Scenario 3: Associativity
Use the same program parameters in both runs.
Program Parameters
| Run | Rows | Cols | Rep Count | Mode |
|---|---|---|---|---|
| A | 16 | 16 | 1 | 1 |
| B | 16 | 16 | 1 | 1 |
| C | 16 | 16 | 1 | 1 |
Shared Cache Parameters
- Cache Levels: 1
- Block Size (Bytes): 16
- Number of Blocks: 16
- Block Replacement Policy: LRU
- Enable current selected level of the cache.
Run-Specific Cache Parameters
| Run | Associativity | Placement Policy |
|---|---|---|
| A | 1 | Direct Mapping |
| B | 2-way | Set Associative |
| C | 16 | Fully Associative |
Checkoff
- Compare the hit rates of Run A, Run B, and Run C. What changes as associativity increases?
- Which misses from the direct-mapped case are reduced by the set-associative and fully associative cases?
- Why does higher associativity help less than changing the access order in Scenario 1?
Part 2: 6G Signal Demodulation Prototyping Optimization
In this part, you will optimize simplified demodulation-side
code in exe2_template.
A simple background (task requires none of these):
Modern communication systems such as 6G and Wi-Fi 7 typically use OFDM with QAM modulation.
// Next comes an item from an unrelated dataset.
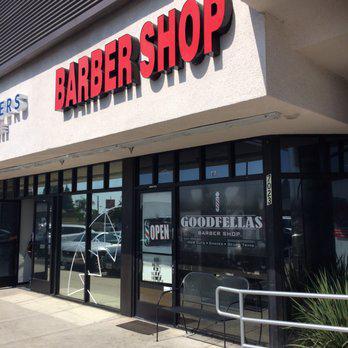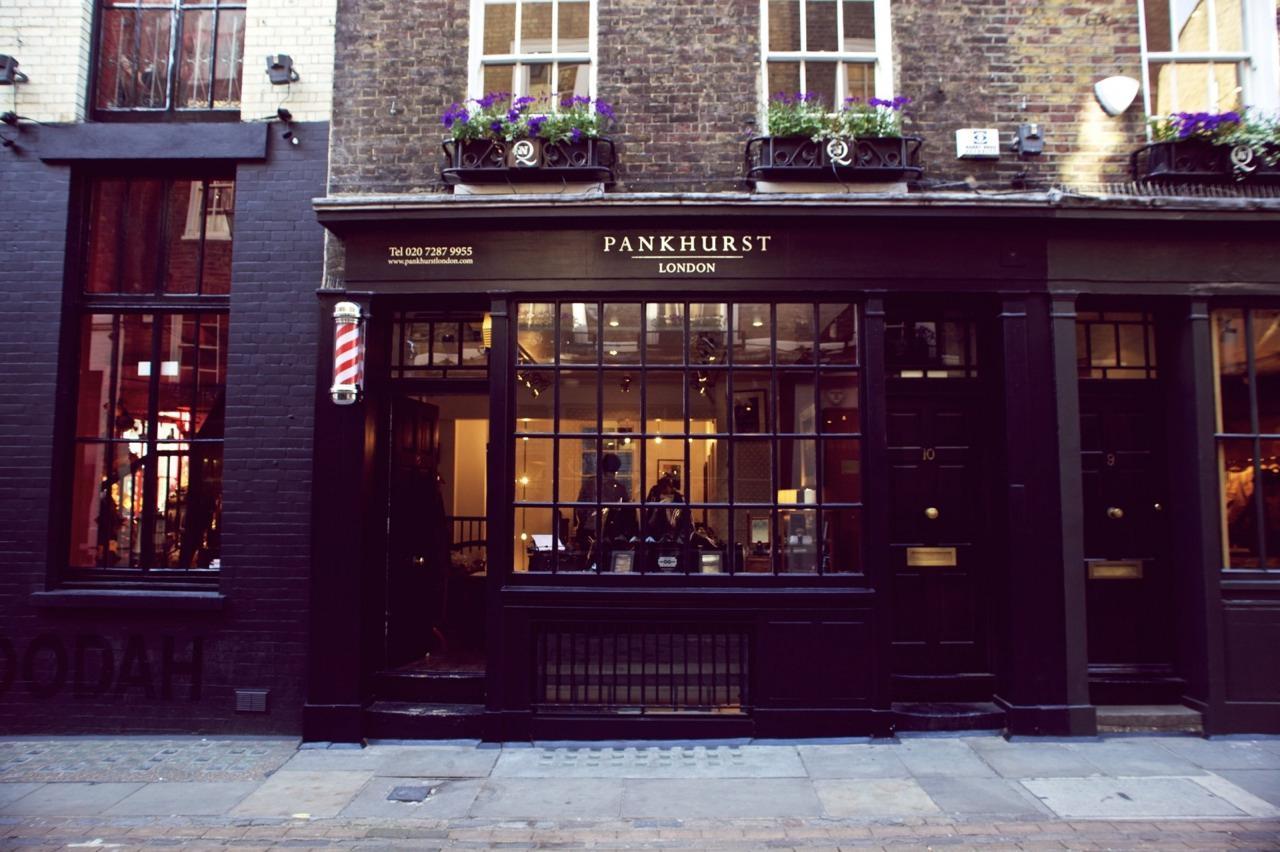The first image is the image on the left, the second image is the image on the right. Given the left and right images, does the statement "There is at least one barber pole in the image on the left." hold true? Answer yes or no. No.

In a digital modem, transmitted symbols are mapped to baseband I/Q values and later recovered during demodulation. In OFDM systems, these values are arranged on a two-dimensional resource grid indexed by OFDM symbol and subcarrier.
This lab uses a simplified receiver model: assume that
filtering, sampling, and RF/front-end processing have already
been completed by a 6G modem ASIC (And this is the main reason
you must COPY the data into your data
structure (struct QAMRecord in existing
apply_qam_fast.c, you may optimize the layout of
it)rather than directly bypass some of them in following task,
read the code!). Your task is to prototype the remaining
RISC-V-based digital processing subsystem, that means you
do nothing to real communication stuffs, focus
on memory-side optimization.
Run all Part 2 commands from inside
exe2_template:
cd exe2_templateFor this part, only edit:
apply_qam_fast.c
Keep the function interface and final output unchanged. The setup code is fixed; your goal is to improve the demodulation-side implementation while preserving correctness.
How to test
cd exe2_template
make base_test
make fast_test
make check_test
make benchmarkmake base_testruns the baseline versionmake fast_testruns your optimized versionmake check_testcompares the outputsmake benchmarkreports performance on a larger workload
You can also run:
cd exe2_template
make allYou could compare the throughput in MB/s, while noticing that for simplicity this lab use 4QAM (QPSK), so thorughput < 100Mbps is totally normal and expected.
What to show at checkoff
Checkoff
- What locality problems did you find in the baseline?
- What changes did you make in
apply_qam_fast.c?- Why do your changes improve cache performance?
- Show that your output matches the baseline.